=== TASK INPUTS ===

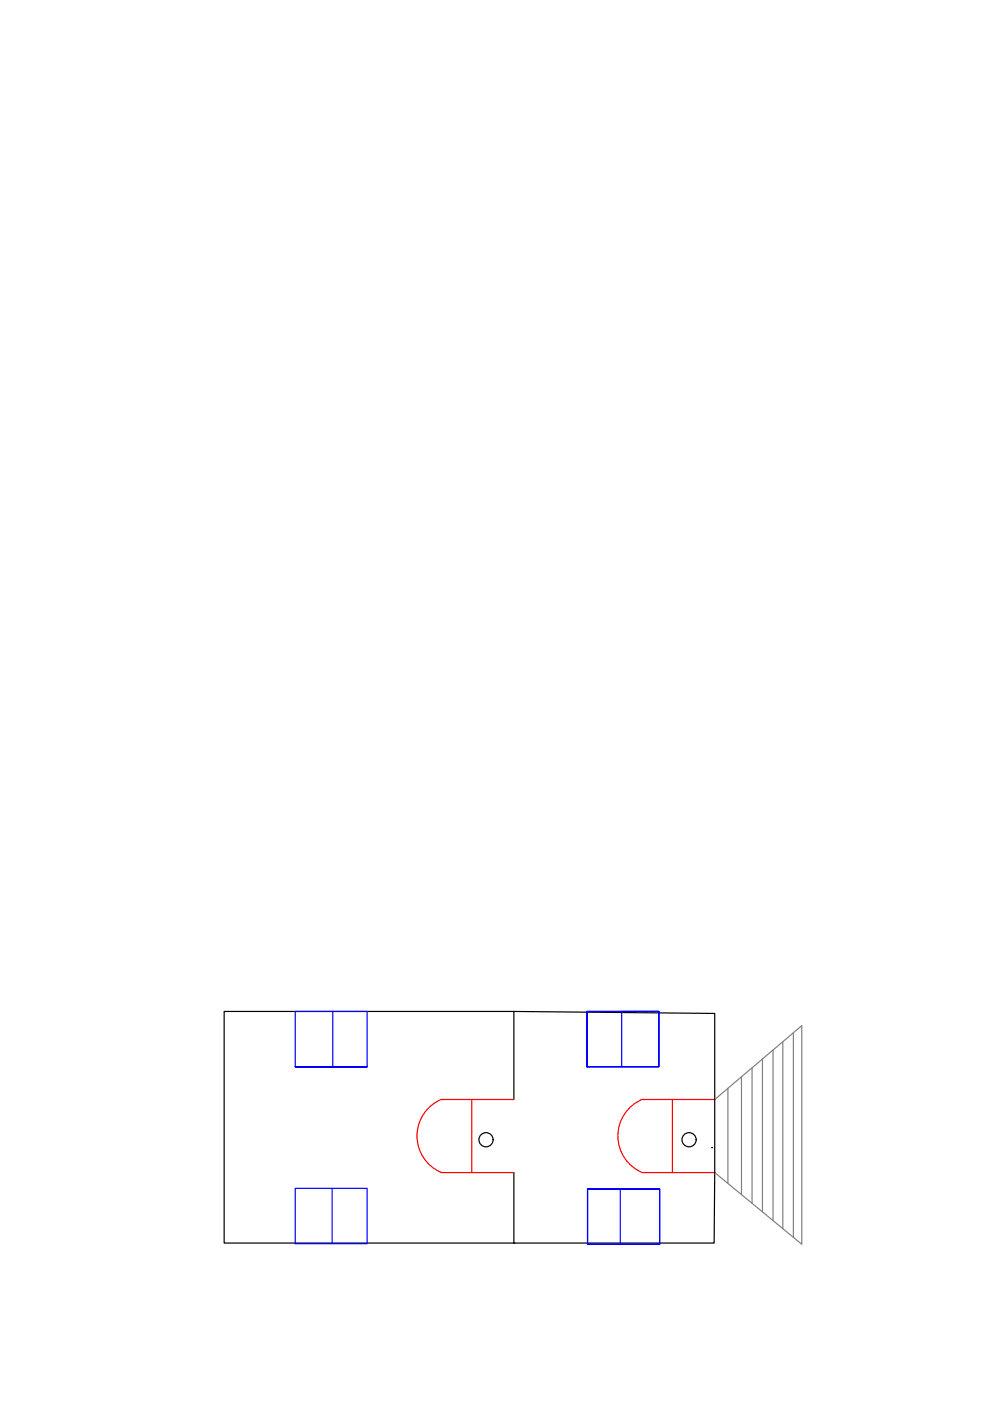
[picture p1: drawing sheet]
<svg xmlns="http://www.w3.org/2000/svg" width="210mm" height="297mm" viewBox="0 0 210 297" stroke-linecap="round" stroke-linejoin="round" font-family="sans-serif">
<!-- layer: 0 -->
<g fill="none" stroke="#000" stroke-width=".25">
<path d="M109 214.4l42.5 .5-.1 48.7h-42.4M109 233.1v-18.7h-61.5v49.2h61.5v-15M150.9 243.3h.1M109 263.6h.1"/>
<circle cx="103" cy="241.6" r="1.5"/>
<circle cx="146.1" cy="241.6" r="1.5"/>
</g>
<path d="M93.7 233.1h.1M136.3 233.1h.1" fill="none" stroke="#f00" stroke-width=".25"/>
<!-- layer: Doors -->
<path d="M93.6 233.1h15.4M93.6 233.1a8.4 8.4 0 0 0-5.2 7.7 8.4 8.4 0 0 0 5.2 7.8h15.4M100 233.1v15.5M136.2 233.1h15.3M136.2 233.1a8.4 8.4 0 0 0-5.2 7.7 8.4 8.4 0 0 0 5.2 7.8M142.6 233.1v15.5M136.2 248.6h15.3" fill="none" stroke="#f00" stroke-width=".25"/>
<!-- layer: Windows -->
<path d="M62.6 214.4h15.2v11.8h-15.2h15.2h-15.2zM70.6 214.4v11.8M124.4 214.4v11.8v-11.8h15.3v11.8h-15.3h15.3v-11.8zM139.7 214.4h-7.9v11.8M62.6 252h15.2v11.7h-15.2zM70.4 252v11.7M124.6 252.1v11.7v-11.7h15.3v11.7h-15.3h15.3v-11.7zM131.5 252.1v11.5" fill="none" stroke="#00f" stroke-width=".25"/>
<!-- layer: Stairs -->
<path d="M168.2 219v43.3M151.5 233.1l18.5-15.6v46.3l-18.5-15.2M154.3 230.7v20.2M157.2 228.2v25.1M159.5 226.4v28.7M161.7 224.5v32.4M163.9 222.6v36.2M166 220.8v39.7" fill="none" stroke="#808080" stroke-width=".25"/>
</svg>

===

PROMPT >>
Please output all the data exactly as given, with the pictures omitted.

YOUR SOLUTION >>
[picture p1: drawing sheet]
<svg xmlns="http://www.w3.org/2000/svg" width="210mm" height="297mm" viewBox="0 0 210 297" stroke-linecap="round" stroke-linejoin="round" font-family="sans-serif">
<!-- layer: 0 -->
<g fill="none" stroke="#000" stroke-width=".25">
<path d="M109 214.4l42.5 .5-.1 48.7h-42.4M109 233.1v-18.7h-61.5v49.2h61.5v-15M150.9 243.3h.1M109 263.6h.1"/>
<circle cx="103" cy="241.6" r="1.5"/>
<circle cx="146.1" cy="241.6" r="1.5"/>
</g>
<path d="M93.7 233.1h.1M136.3 233.1h.1" fill="none" stroke="#f00" stroke-width=".25"/>
<!-- layer: Doors -->
<path d="M93.6 233.1h15.4M93.6 233.1a8.4 8.4 0 0 0-5.2 7.7 8.4 8.4 0 0 0 5.2 7.8h15.4M100 233.1v15.5M136.2 233.1h15.3M136.2 233.1a8.4 8.4 0 0 0-5.2 7.7 8.4 8.4 0 0 0 5.2 7.8M142.6 233.1v15.5M136.2 248.6h15.3" fill="none" stroke="#f00" stroke-width=".25"/>
<!-- layer: Windows -->
<path d="M62.6 214.4h15.2v11.8h-15.2h15.2h-15.2zM70.6 214.4v11.8M124.4 214.4v11.8v-11.8h15.3v11.8h-15.3h15.3v-11.8zM139.7 214.4h-7.9v11.8M62.6 252h15.2v11.7h-15.2zM70.4 252v11.7M124.6 252.1v11.7v-11.7h15.3v11.7h-15.3h15.3v-11.7zM131.5 252.1v11.5" fill="none" stroke="#00f" stroke-width=".25"/>
<!-- layer: Stairs -->
<path d="M168.2 219v43.3M151.5 233.1l18.5-15.6v46.3l-18.5-15.2M154.3 230.7v20.2M157.2 228.2v25.1M159.5 226.4v28.7M161.7 224.5v32.4M163.9 222.6v36.2M166 220.8v39.7" fill="none" stroke="#808080" stroke-width=".25"/>
</svg>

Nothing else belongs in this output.